Haa iyi bir yönetim gelirse çok şükür dersiniz ama tam aksi olursa vay hem sizin hem o şehrin haline! Son yıllarda toplum nazarında siyaset ile ilgili en çok duyduğumuz cümleler “benim siyasetle işim olmaz”, “bu iş bana göre değil”, “kim yaparsa yapsın” ve buna benzer söylemler... Ama durum hiç de öyle değil çünkü siyaset öyle herkese bırakılmayacak kadar önemli bir mecra, hele hele yerelde bir şehrin kaderini ilgilendiren siyaset ehliyetsiz ve beceriksiz şahıslara teslim edilemeyecek kadar ehemmiyetli.
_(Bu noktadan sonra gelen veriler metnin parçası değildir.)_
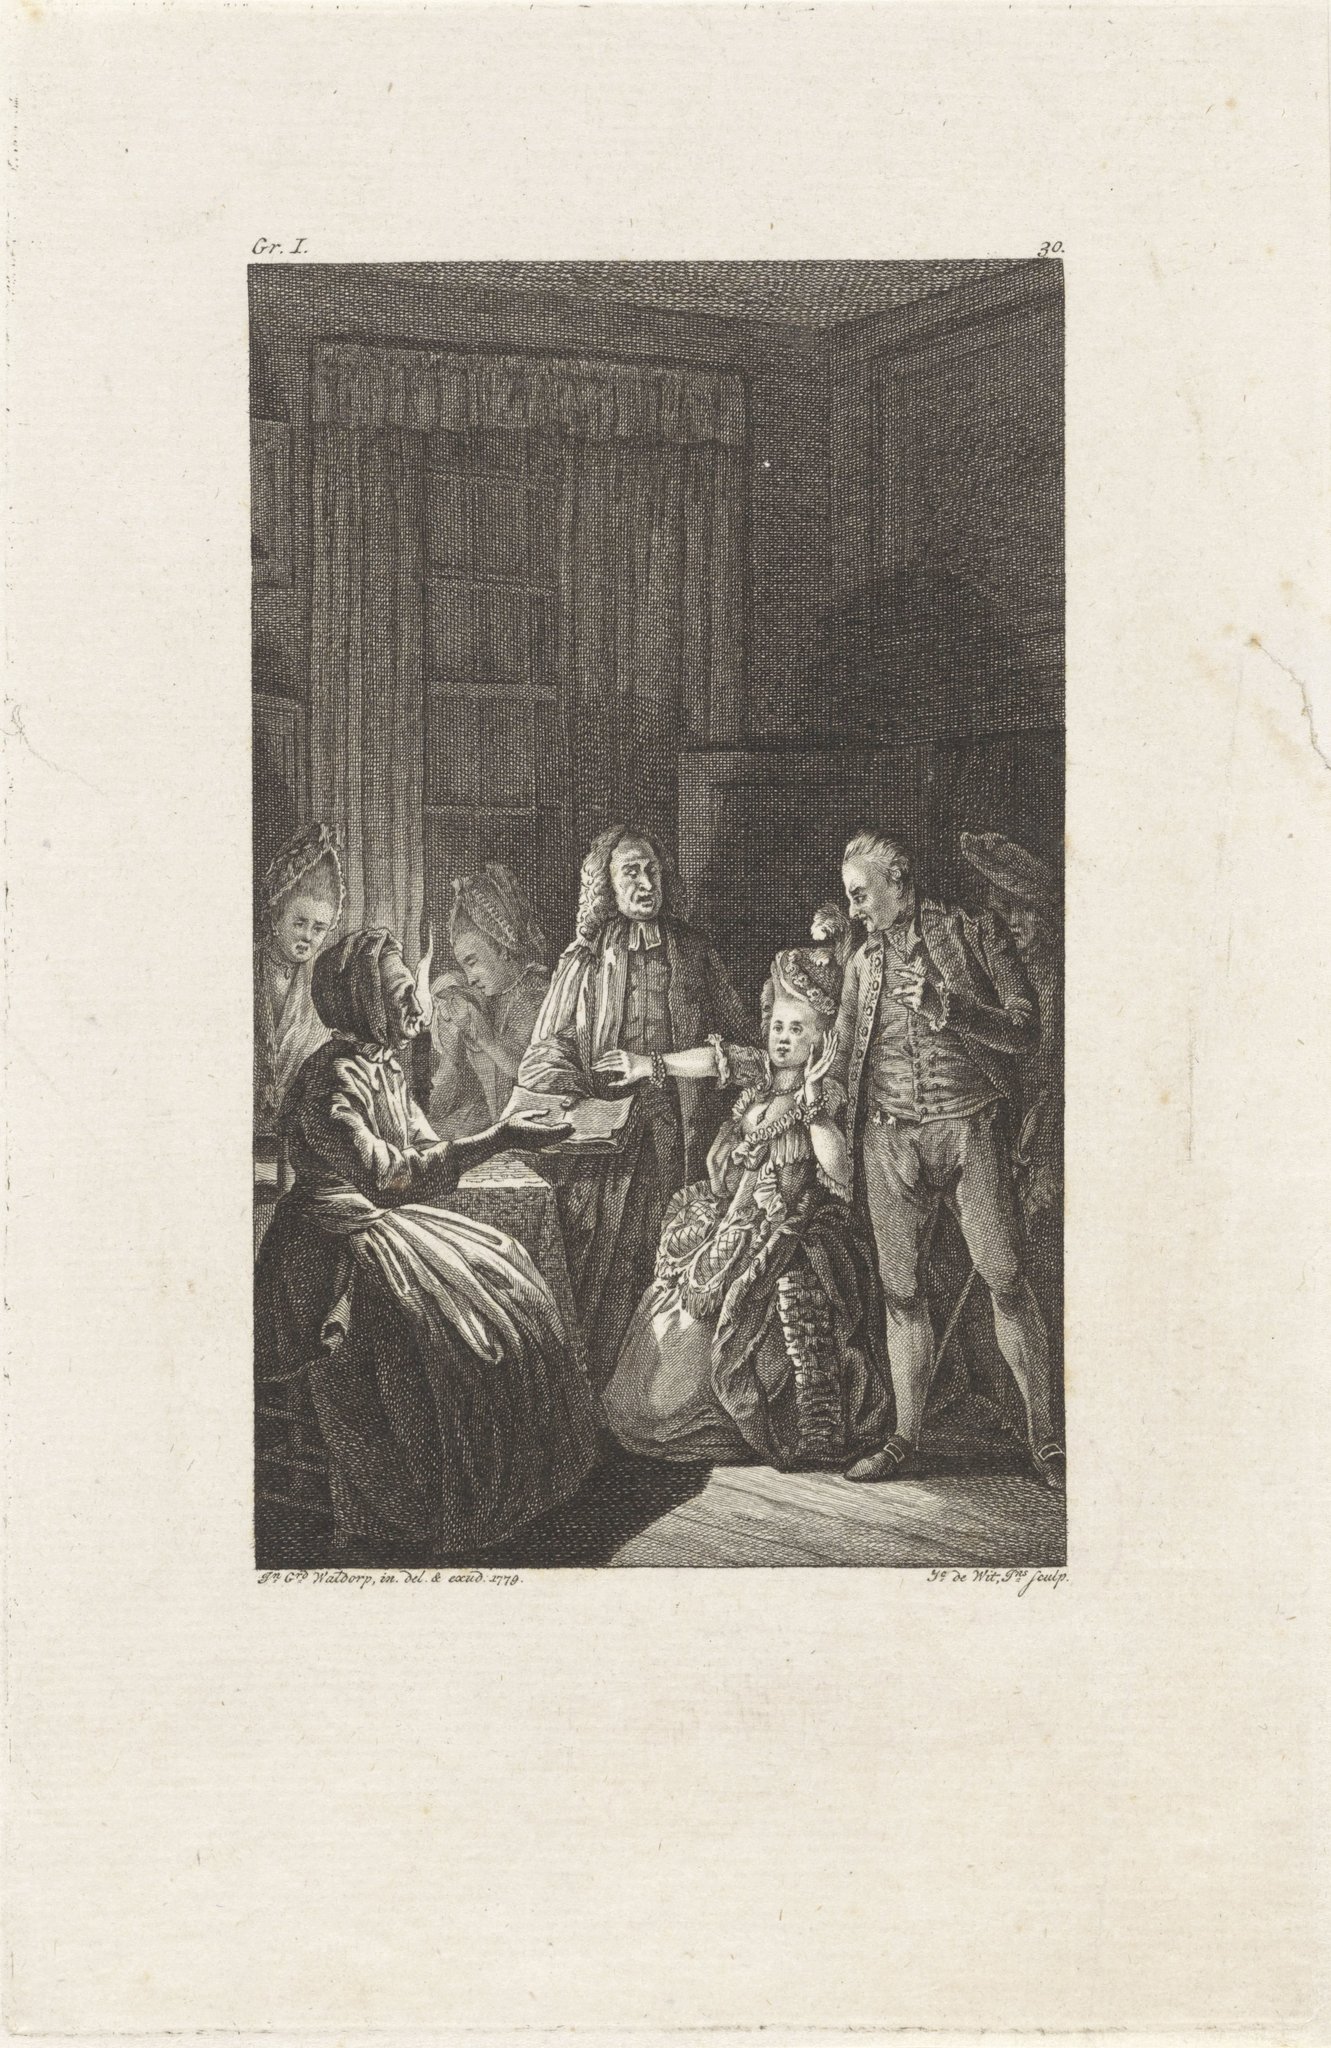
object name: book illustration
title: Interieur met figuren bij kaarslicht
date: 1779
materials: paper
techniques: etching
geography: amsterdam
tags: candle, communal rooms
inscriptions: collector's mark: Lugt 240
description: Een rijk geklede jonge vrouw wordt door twee heren op de knieën gedwongen, een van hen heeft een open boek vast. In de kamer nog drie andere vrouwen. Linksboevn: Gr. I en rechtsboven: 30.

Siyasetin gelecek kaygısı duymadan yani şahsi ikbal için değil, hizmet için yapılması gerektiğini iyi bilen insanlar olarak beklentimiz; ne istediğini bilen, değerlerinden asla taviz vermeyen, sürekli hangi partiye geçecek diye hakkında bahis oynanmayan ve bu durumdan hoşlanıp kendini bulunmaz hint kumaşı zannetmeyen, duruşu olan, sorumluluk sahibi, kendi ikbali için çevresini kullanmayan, sorumluluğu delikanlı bir makam sahibi gibi üzerine alan, sanki o yönetmiyormuş gibi ölü taklidi yapmayan, utanma duygusu olan, yalanı, fitneyi, kibri, kini, fesatlığı, sinsiliği bilmeyen, samimi, liyakati esas alan, oturdukları apartmanda komşularının yönetici bile yapmayacağı adamları mevki sahibi yapmayan, gölgesinden bile uyuz olduğu için çevresindeki donanımlı insanları yolda bulduğu çapsızlarla değişmeyen siyasetçilerin daha ön planda ve aktif siyasetin içinde olmasıdır. İşte tüm bu tespitlerin ışığında şehrimizde gerçekten kapasitesi, fikri, projesi, gücü olan hemşehrileri tarafından makbul görülen sözüne güvenilecek ve yanında durulabilecek şahısların benim siyasetle işim olmaz demek yerine sorumluluk alıp öne çıkması gerekiyor aksi takdirde biri veya birileri çıkıp şehrin uzun yıllarını heba ediyor üstelik çevresindeki yalaka ve menfaatçiler yüzünden yaptığı işin bir hizmet bir bayrak yarışı olduğunu unutup adeta meslek haline getirip o koltuktan hiç inmeyeceğini zannediyor.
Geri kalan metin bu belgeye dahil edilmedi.